Question

56. Anu and Bhuvan together can complete a work in 8 days, while Bhuvan and Chirag can together do
.41(2/3)% of that work in 5 days. All of them can complete double of the original work in 12 days.
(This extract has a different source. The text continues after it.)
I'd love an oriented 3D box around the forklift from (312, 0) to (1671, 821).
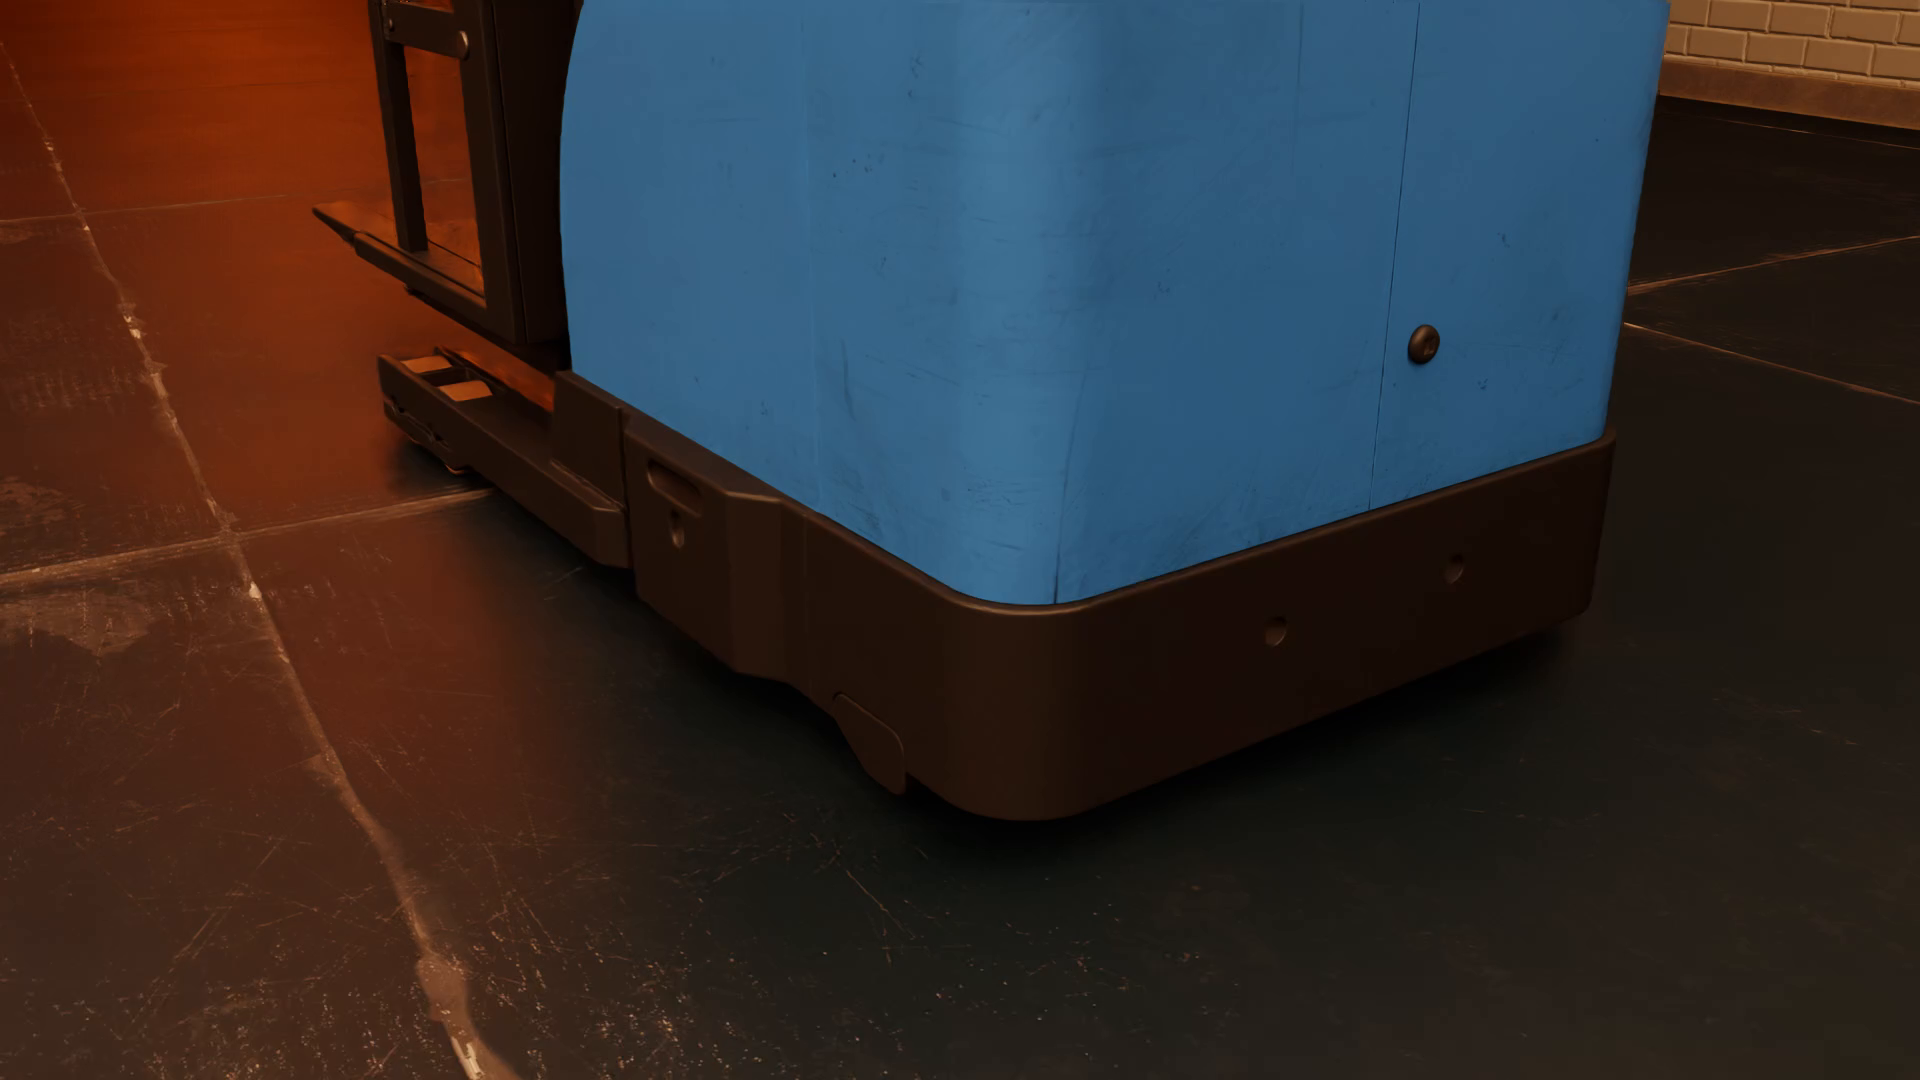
[{"bbox_3d":[-0.408,-1.563,2.583,1.130,2.935,3.031,-15,27,-33],"label":"forklift"}]
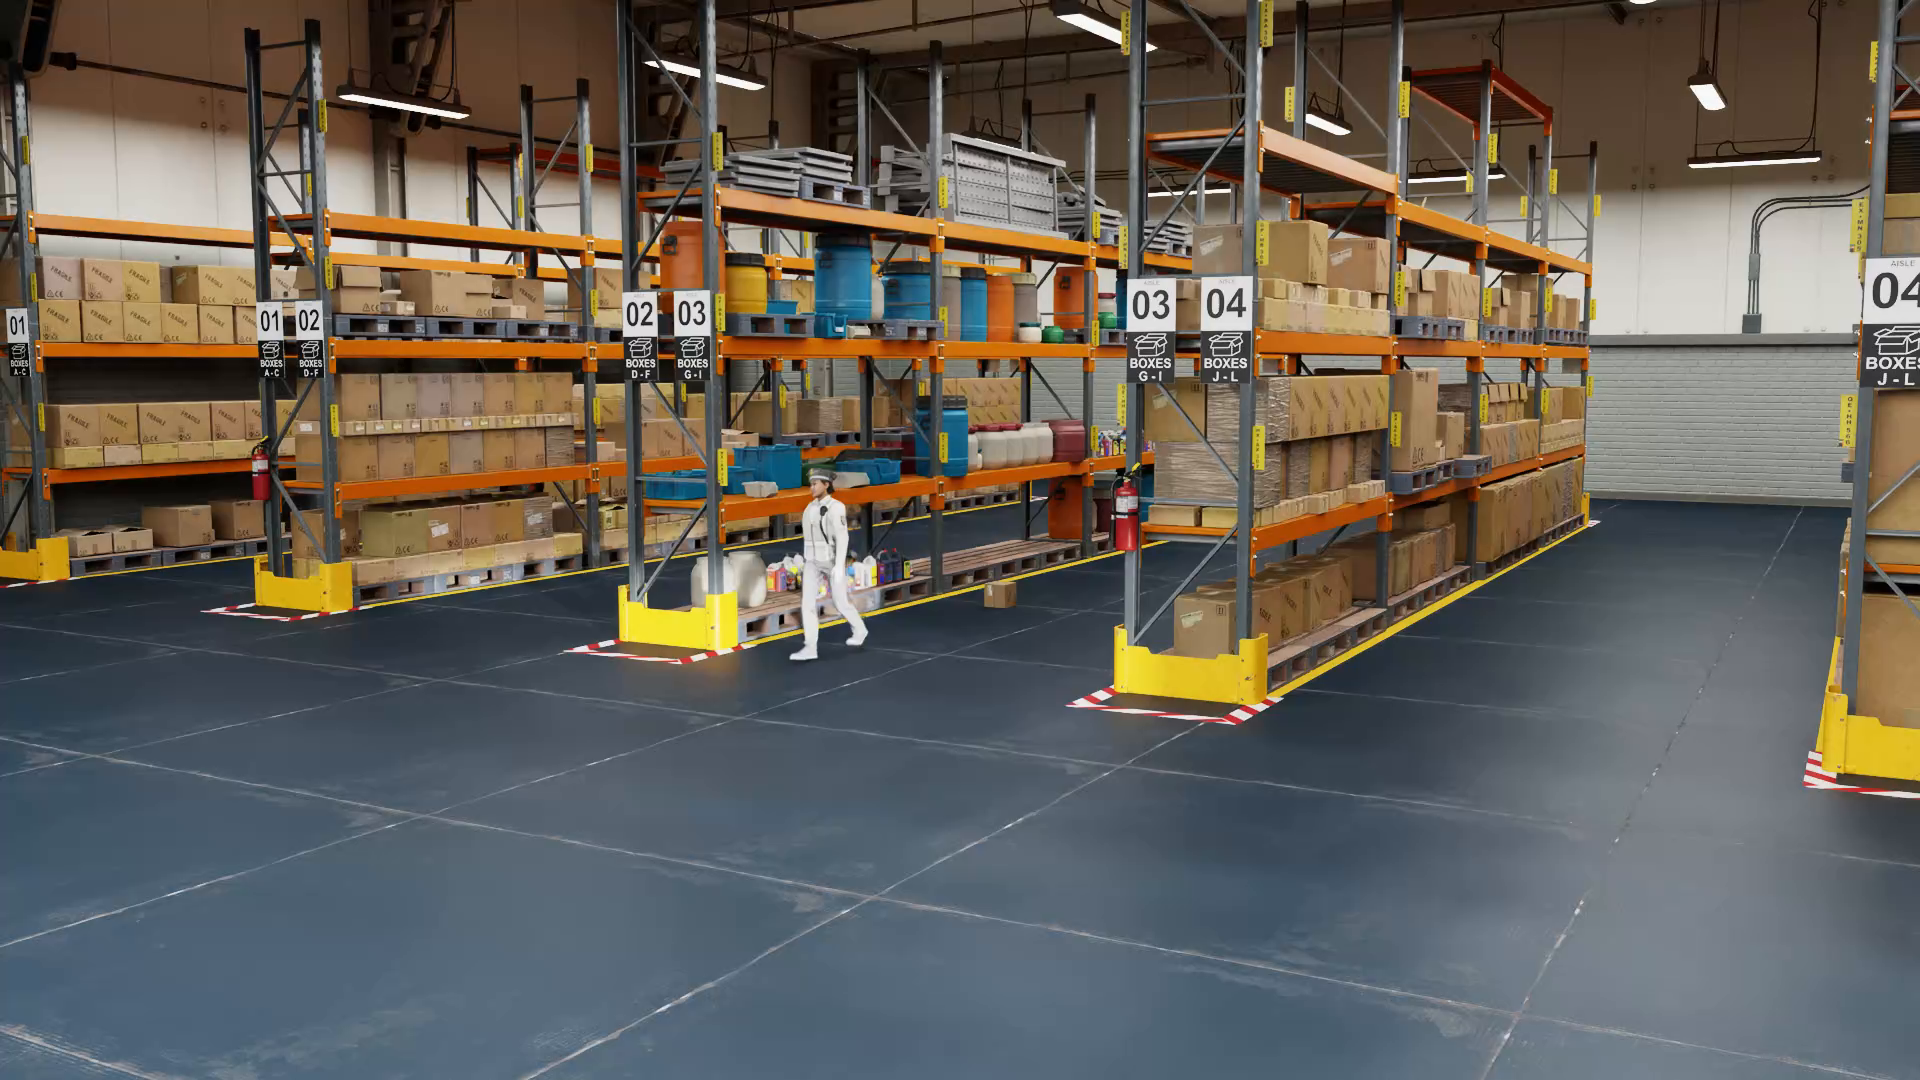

In how
many days Anuj and Chirag can do that work?​

Answer 1

Answer with explanation:

Time taken by Anu and Bhuvan to Accomplish a piece of work = 8 days

Let time taken by , Anu to accomplish this work alone= x days

And, Time taken by , Bhuvan to accomplish this work alone= y days

Time taken by Bhuvan and Chirag to complete $41\frac{2}{3}=\frac{125}{3}$percent of work =5 days

Let, Time taken by , Chirag to accomplish this work alone= z days

$\frac{125}{3}\Pr\text{ work} =5 \text{days}\\\\1 \text{day}=\frac{25}{3}\Pr\text{ work}\\\\12 \text{day}=100\Pr\text{ work}$

Time taken by all the three to complete double of the work together = 12 days

Time taken by all the three to complete same work together = 6 days

Writing all the statement in terms of equation and then solving

$1.\frac{1}{x}+\frac{1}{y}=\frac{1}{8}\\\\2.\frac{1}{z}+\frac{1}{y}=\frac{1}{12}\\\\3.\frac{1}{x}+\frac{1}{y}+\frac{1}{z}=\frac{1}{6}\\\\ 1 +2\\\\\frac{1}{x}+\frac{2}{y}+\frac{1}{z}=\frac{1}{8}+\frac{1}{12}\\\\4.\frac{1}{x}+\frac{2}{y}+\frac{1}{z}=\frac{5}{24}\\\\2 \times \text{equation 3}\\\\5.\frac{2}{x}+\frac{2}{y}+\frac{2}{z}=\frac{1}{3}\\\\ \text{Eq.5 -Eq.4}\\\\\frac{1}{x}+\frac{1}{z}=\frac{1}{3}-\frac{5}{24}\\\\\frac{1}{x}+\frac{1}{z}=\frac{1}{8}$

Anuj and chirag can accomplish the work in 8 days.